I’d like to say it’s very different today. But I wonder how different it is. Yes, there are ways in which the dominant culture worships youth and disdains aging. But at the same time, children are often granted severely limited agency and are often still viewed primarily through the lens of their potential to bring honor or shame to their family rather than valuable and unique individuals unto themselves.
TV star Lori Loughlin and other rich Americans have been in the news in recent years for bribing college admissions officials to accept their children at prestigious schools. The news coverage has been accompanied with much conversation about the line for parents between helping and hurting and between wanting good things for their kids and wanting their kids to make them look like good parents. And as a parent, I know that issue does not only arise for parents navigating higher education opportunities with their children.
In her book, Raising Free People, Akilah Richards talks about something she calls the “adult gaze” to describe her experience of the expectations of the other adults around her. Specifically, she finds it helpful to ask herself whether she is prioritizing the relationship she has with her daughters or prioritizing the relationship she has with other adult’s opinions. Does this serve my daughter, she asks, or does it serve my seeking approval under the “adult gaze?”
In redressing the disciples’ attempts to block the children from him, Jesus is making clear that he prioritizes his relationship with each individual regardless of their social status, including children, over his own ledger of honor and shame in the eyes of the dominant culture. His disciples, understandably, want their teacher to be shown the respect due to him as a person they so highly value. But once again, Jesus challenges those disciples to grow in their understanding of what is valuable, honorable, and respectful.
Are there ways in which our faith community does a good job of honoring and respecting each person regardless of their age or any other status? Are there ways we can continue to grow in our capacity to do that? I think the answer is yes to both those questions. And, I think if we ask those same questions of our families and ourselves, we will find the answer is also, yes.

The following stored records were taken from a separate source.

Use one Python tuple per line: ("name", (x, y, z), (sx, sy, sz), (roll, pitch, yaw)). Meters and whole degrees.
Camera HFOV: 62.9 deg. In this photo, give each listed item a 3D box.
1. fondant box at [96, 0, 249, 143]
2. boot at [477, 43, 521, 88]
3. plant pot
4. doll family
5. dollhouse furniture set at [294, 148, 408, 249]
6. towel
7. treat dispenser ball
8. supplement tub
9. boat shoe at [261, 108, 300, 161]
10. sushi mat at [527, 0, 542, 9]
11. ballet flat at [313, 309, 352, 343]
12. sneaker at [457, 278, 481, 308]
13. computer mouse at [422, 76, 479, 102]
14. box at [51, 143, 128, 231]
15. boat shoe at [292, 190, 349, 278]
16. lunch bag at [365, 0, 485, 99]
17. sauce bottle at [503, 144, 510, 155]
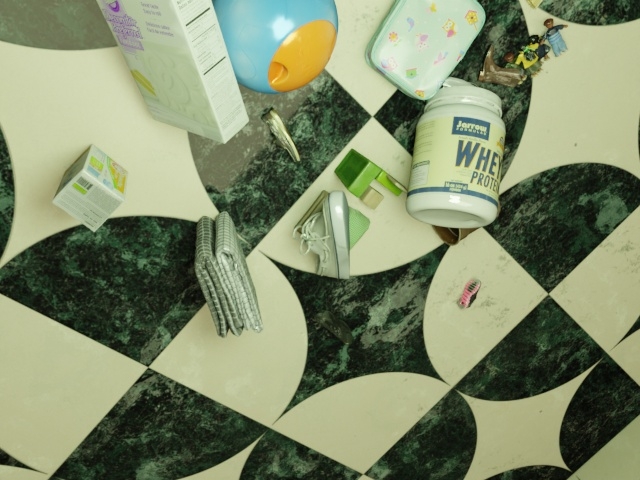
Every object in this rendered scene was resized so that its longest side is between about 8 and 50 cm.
("fondant box", (-0.305, -0.384, 1.094), (0.096, 0.238, 0.330), (-51, 148, -29))
("boot", (0.504, -0.480, 1.446), (0.114, 0.037, 0.106), (12, 127, 3))
("plant pot", (0.435, -0.092, 1.574), (0.165, 0.167, 0.167), (-24, 120, -14))
("doll family", (0.599, -0.530, 1.455), (0.193, 0.076, 0.111), (-42, 115, 0))
("dollhouse furniture set", (0.091, -0.073, 1.472), (0.197, 0.151, 0.301), (32, 103, -28))
("towel", (-0.254, 0.095, 1.403), (0.121, 0.235, 0.283), (-17, 118, -5))
("treat dispenser ball", (-0.105, -0.469, 1.141), (0.288, 0.288, 0.288), (-7, 117, -14))
("supplement tub", (0.359, -0.213, 1.381), (0.235, 0.235, 0.325), (13, 80, -22))
("boat shoe", (-0.103, -0.270, 1.377), (0.049, 0.056, 0.152), (-28, 110, 3))
("sushi mat", (0.621, -0.784, 1.365), (0.151, 0.019, 0.316), (32, 102, -26))
("ballet flat", (0.047, 0.280, 1.700), (0.049, 0.057, 0.173), (-17, 128, 39))
("sneaker", (0.520, 0.184, 1.797), (0.057, 0.047, 0.119), (10, 116, -37))
("computer mouse", (0.372, -0.418, 1.453), (0.193, 0.042, 0.106), (8, 112, -20))
("box", (-0.531, -0.128, 1.224), (0.103, 0.203, 0.114), (-43, 121, 7))
("boat shoe", (0.000, -0.007, 1.410), (0.156, 0.136, 0.367), (0, 152, 4))
("lunch bag", (0.258, -0.520, 1.321), (0.224, 0.108, 0.279), (32, 100, -12))
("sauce bottle", (0.512, -0.242, 1.583), (0.128, 0.042, 0.042), (-36, 120, 3))
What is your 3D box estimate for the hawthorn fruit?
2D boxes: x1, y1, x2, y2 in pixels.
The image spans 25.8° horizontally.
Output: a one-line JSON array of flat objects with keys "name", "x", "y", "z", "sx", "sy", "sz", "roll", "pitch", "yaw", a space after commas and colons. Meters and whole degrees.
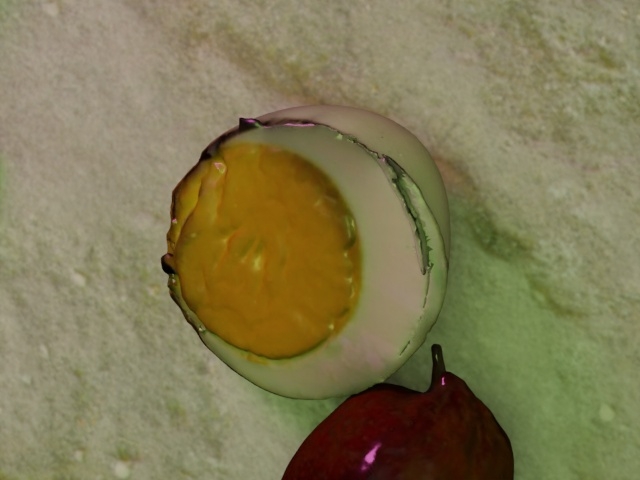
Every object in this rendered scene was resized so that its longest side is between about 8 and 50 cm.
[{"name": "hawthorn fruit", "x": 0.073, "y": 0.215, "z": 1.261, "sx": 0.208, "sy": 0.208, "sz": 0.248, "roll": 20, "pitch": 101, "yaw": 7}]

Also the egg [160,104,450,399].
[{"name": "egg", "x": 0.004, "y": 0.003, "z": 1.300, "sx": 0.264, "sy": 0.174, "sz": 0.286, "roll": 47, "pitch": 119, "yaw": 6}]
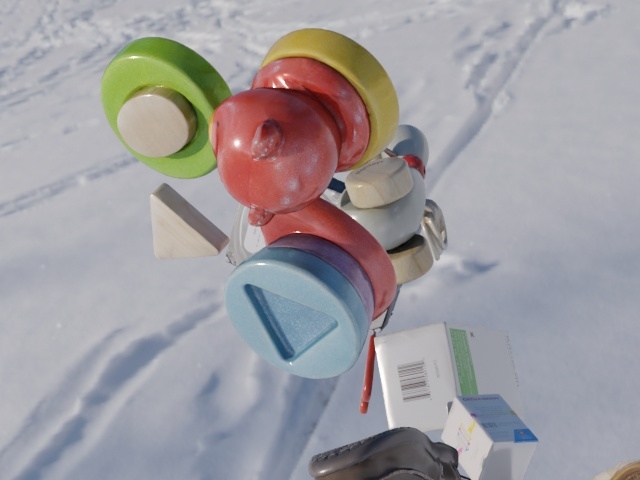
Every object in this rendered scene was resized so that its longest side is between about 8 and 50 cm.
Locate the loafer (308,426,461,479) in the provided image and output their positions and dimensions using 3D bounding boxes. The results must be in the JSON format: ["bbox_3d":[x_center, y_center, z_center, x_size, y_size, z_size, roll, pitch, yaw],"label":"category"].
[{"bbox_3d":[0.113,0.337,1.365,0.134,0.130,0.366,-24,-25,24],"label":"loafer"}]

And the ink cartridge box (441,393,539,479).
[{"bbox_3d":[0.270,0.319,1.651,0.092,0.089,0.143,3,27,-25],"label":"ink cartridge box"}]

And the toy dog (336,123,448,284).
[{"bbox_3d":[0.066,-0.056,1.376,0.161,0.220,0.334,-10,3,13],"label":"toy dog"}]

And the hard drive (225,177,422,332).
[{"bbox_3d":[0.000,0.000,1.866,0.339,0.236,0.064,25,28,14],"label":"hard drive"}]

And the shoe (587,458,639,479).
[{"bbox_3d":[0.266,0.285,1.003,0.219,0.076,0.058,-44,-9,27],"label":"shoe"}]

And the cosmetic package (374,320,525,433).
[{"bbox_3d":[0.256,0.271,1.956,0.155,0.196,0.366,-16,-13,27],"label":"cosmetic package"}]

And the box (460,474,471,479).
[{"bbox_3d":[0.257,0.491,1.655,0.290,0.169,0.087,11,22,40],"label":"box"}]

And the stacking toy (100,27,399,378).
[{"bbox_3d":[-0.081,-0.020,0.848,0.280,0.308,0.130,13,43,24],"label":"stacking toy"}]

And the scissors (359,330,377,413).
[{"bbox_3d":[0.100,0.181,1.937,0.021,0.109,0.297,6,68,3],"label":"scissors"}]
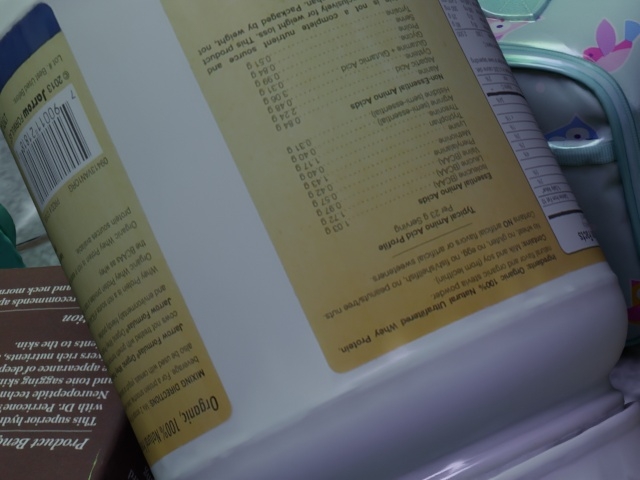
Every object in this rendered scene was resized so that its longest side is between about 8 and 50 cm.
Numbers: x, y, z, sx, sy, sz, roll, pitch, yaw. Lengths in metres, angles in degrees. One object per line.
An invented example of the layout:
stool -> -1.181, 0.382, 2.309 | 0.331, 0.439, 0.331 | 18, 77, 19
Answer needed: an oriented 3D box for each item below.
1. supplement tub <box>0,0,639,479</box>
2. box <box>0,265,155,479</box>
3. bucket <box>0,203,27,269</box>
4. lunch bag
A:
supplement tub -> 0.000, 0.000, 0.745 | 0.228, 0.228, 0.316 | -24, 82, -1
box -> -0.142, 0.138, 0.865 | 0.168, 0.167, 0.203 | -3, 44, 23
bucket -> -0.320, 0.036, 0.998 | 0.281, 0.281, 0.183 | -38, 47, -17
lunch bag -> 0.073, -0.055, 0.933 | 0.279, 0.224, 0.108 | 9, 49, 32
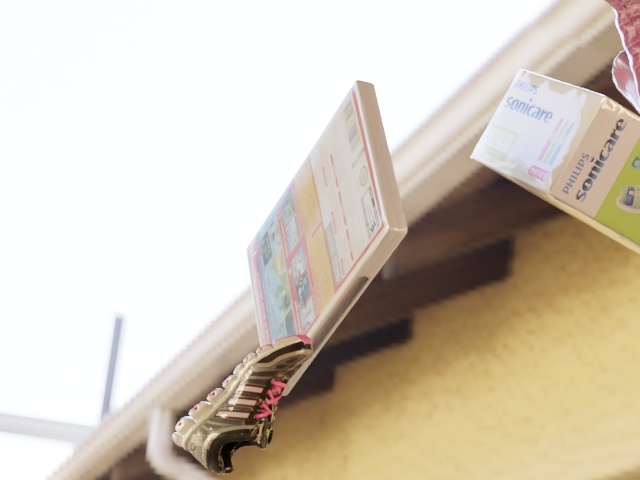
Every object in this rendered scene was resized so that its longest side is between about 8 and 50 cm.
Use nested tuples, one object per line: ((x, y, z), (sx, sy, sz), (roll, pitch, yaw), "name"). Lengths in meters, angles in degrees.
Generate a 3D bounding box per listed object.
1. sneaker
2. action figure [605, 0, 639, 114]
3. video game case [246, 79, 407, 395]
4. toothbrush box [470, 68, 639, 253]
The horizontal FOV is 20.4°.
((-0.063, 0.164, 1.734), (0.170, 0.075, 0.063), (-43, -22, 7), "sneaker")
((0.277, -0.180, 1.359), (0.275, 0.370, 0.248), (-20, -3, -34), "action figure")
((0.000, 0.000, 1.849), (0.025, 0.204, 0.285), (11, -43, -25), "video game case")
((0.337, -0.059, 1.915), (0.283, 0.122, 0.206), (29, 3, -24), "toothbrush box")
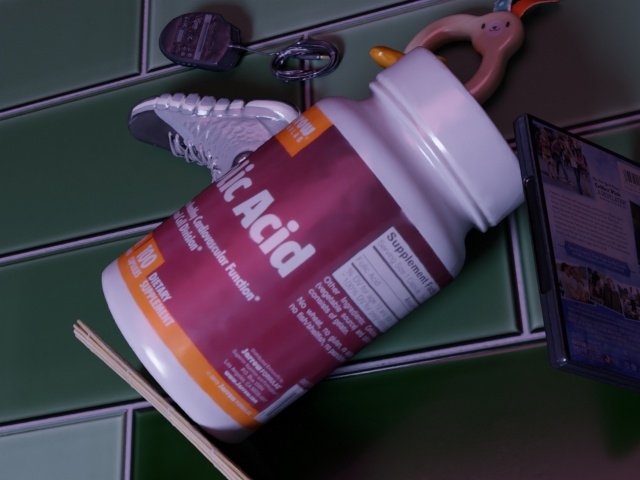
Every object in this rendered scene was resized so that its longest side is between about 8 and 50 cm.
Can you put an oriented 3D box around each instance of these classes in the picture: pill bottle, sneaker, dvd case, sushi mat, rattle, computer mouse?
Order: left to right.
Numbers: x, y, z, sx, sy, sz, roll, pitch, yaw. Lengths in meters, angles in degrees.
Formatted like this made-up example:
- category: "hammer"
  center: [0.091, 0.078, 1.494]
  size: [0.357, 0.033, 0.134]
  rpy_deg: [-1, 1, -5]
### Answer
- category: "sushi mat"
  center: [-0.123, 0.194, 1.186]
  size: [0.316, 0.151, 0.019]
  rpy_deg: [36, 79, 33]
- category: "sneaker"
  center: [-0.133, -0.096, 1.380]
  size: [0.229, 0.086, 0.132]
  rpy_deg: [2, 68, 23]
- category: "computer mouse"
  center: [-0.088, -0.231, 1.462]
  size: [0.242, 0.041, 0.071]
  rpy_deg: [14, 79, 21]
- category: "pill bottle"
  center: [0.000, 0.000, 1.188]
  size: [0.392, 0.224, 0.224]
  rpy_deg: [-38, 56, 1]
- category: "rattle"
  center: [0.155, -0.237, 1.299]
  size: [0.200, 0.143, 0.130]
  rpy_deg: [-38, 37, 9]
- category: "dvd case"
  center: [0.261, 0.016, 1.106]
  size: [0.022, 0.180, 0.253]
  rpy_deg: [-33, 50, 43]
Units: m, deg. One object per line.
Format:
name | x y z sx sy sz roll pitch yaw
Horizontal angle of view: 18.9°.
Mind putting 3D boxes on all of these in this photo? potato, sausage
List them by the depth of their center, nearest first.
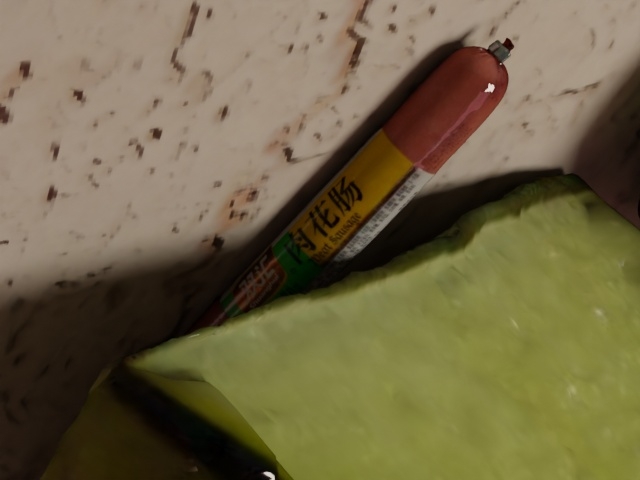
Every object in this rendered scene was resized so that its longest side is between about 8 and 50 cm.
sausage | 0.000 0.000 0.773 0.223 0.029 0.029 -46 152 17
potato | 0.067 0.158 0.790 0.330 0.280 0.212 -24 156 -49

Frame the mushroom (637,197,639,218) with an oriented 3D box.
mushroom | 0.254 -0.033 0.905 0.194 0.138 0.231 -42 153 9

The book of Luke is an excellent place to turn for guidance on this aspect of faithful community living. From Mary’s Magnificat to the Sermon on the Plain to this chapter 18 we read today, the book of Luke highlights God’s special concern for those who are undervalued in their community as well as the call of Jesus followers to give up the ways we make idols of gaining status in our culture’s ledger of honor and shame.
Taken together as a part of what we know as The Gospel According to Luke, I understand a clear theme that all of our clinging to earthly status and security will not lead us to receiving the kingdom of God in its fullness–a place where all are loved, valued, and made whole and well. No matter what age we are, I believe we have the opportunity to expand our experience of that kingdom more fully as individuals and as a community.
Earlier this summer, I enjoyed an online panel of three sets of parents and their LGBTQ+ children who shared about the impact of parental support and the ways we can create more nurturing communities for all. One parent remembered children hear what the adults in their life say. They hear the jokes they make. They hear the judgments they pronounce on others who can’t hear them.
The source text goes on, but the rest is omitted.